Information Sources and Search Strategy
An iterative approach was adopted to develop the search strategy in collaboration with a librarian. Another librarian was invited to review the search strategy using the Peer Review of Electronic Search Strategies (PRESS) checklist.36 Firstly, a preliminary search was conducted on the librarian-recommended database (PubMed), and the results were briefly analyzed to assess the effectiveness of the search strategy. Subsequently, the first author (Y.Z.) conducted searches across three librarian-recommended databases - PubMed, Web of Science, and OVID (Embase, Cochrane Library, JBI) - to identify relevant topics in the title and abstract fields. The search strategies employed across all databases are presented in Additional file 1 of this scope review.

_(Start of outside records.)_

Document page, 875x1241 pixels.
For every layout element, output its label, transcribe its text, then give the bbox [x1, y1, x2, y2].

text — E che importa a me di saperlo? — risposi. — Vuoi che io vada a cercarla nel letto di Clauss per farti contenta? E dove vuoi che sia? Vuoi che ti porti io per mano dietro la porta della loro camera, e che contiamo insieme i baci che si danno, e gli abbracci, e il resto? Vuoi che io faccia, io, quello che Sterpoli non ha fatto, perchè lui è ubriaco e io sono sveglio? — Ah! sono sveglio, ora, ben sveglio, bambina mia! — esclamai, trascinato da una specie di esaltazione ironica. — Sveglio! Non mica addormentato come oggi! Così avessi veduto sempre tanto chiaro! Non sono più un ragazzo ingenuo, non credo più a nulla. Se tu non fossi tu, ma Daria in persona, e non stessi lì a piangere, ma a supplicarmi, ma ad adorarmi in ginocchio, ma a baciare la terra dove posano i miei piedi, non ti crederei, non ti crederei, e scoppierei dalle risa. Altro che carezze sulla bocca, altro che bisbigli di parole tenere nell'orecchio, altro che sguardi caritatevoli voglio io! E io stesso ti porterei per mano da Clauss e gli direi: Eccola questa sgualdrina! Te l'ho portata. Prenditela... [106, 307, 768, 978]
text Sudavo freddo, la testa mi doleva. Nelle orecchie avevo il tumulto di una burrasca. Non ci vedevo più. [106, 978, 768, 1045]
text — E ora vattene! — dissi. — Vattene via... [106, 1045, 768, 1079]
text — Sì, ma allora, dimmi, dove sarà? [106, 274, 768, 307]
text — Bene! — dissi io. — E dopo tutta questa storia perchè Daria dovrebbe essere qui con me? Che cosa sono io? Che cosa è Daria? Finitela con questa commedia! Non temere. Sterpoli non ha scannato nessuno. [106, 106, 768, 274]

Screening and Selection Process
The search and selection process was conducted by the first author (Y.Z)., with consultation from the second author (Z.X.) throughout the review. Firstly, all the search results in the database were imported into the literature management software, NoteExpress (http://www.inoteexpress.com/), and the duplicate search results were automatically identified and deleted. In addition, all remaining results were screened by the first author (Y.Z.) by title and abstract according to pre-determined inclusion criteria, in consultation with the second author (Z.X). The search results identified as “probable” were discussed between the two authors. In case of disagreement, the third and fourth authors (H.H. and L.S.) were invited to discuss until consensus was reached. Finally, the preliminarily selected literature was reviewed by reviewing the full text to determine the final studies to be included. In this process, in order to ensure the consistency among reviewers, we randomly selected 25 search results, and the reviewers screened them according to the established criteria. When the consistency reached 75%, the formal literature screening began.
Data Coding and Charting
A data extraction table was collaboratively developed by two authors (Y.Z. and Z.X.) to determine the variables for extraction. Each author created a data chart, discussed the results, and iteratively updated the data chart format. In cases of disagreement during the production of the data chart, the third and fourth authors (H.H. and L.S.) were invited to discuss and decide on the final content. We used Microsoft Excel to construct evidence summary tables covering the following data elements: title, author, years, objective, design, study population, nudge strategy, nudge medium, and statistically positive results. An identified challenge in considering the System 1 and System 2 categories is their failure to capture whether the intervention is present at the time of the decision. To address this limitation, based on the classification method proposed by Sant’Anna et al37 and Wolf et al,38 we drew two independent dimensions and four quadrants for more accurate classification as defined by System 1 and System 2 (Figure 1). Synchronous vs Asynchronous: An intervention strategy is synchronous if its delivery is consistent with the decision or behavior it is intended to influence, while an asynchronous strategy can be executed at any time. Active vs Passive: An active strategy cannot be completed without the action of the target patient, while a passive strategy requires no action. These four quadrants are practical in describing how and when HBCR patients receive nudge interventions.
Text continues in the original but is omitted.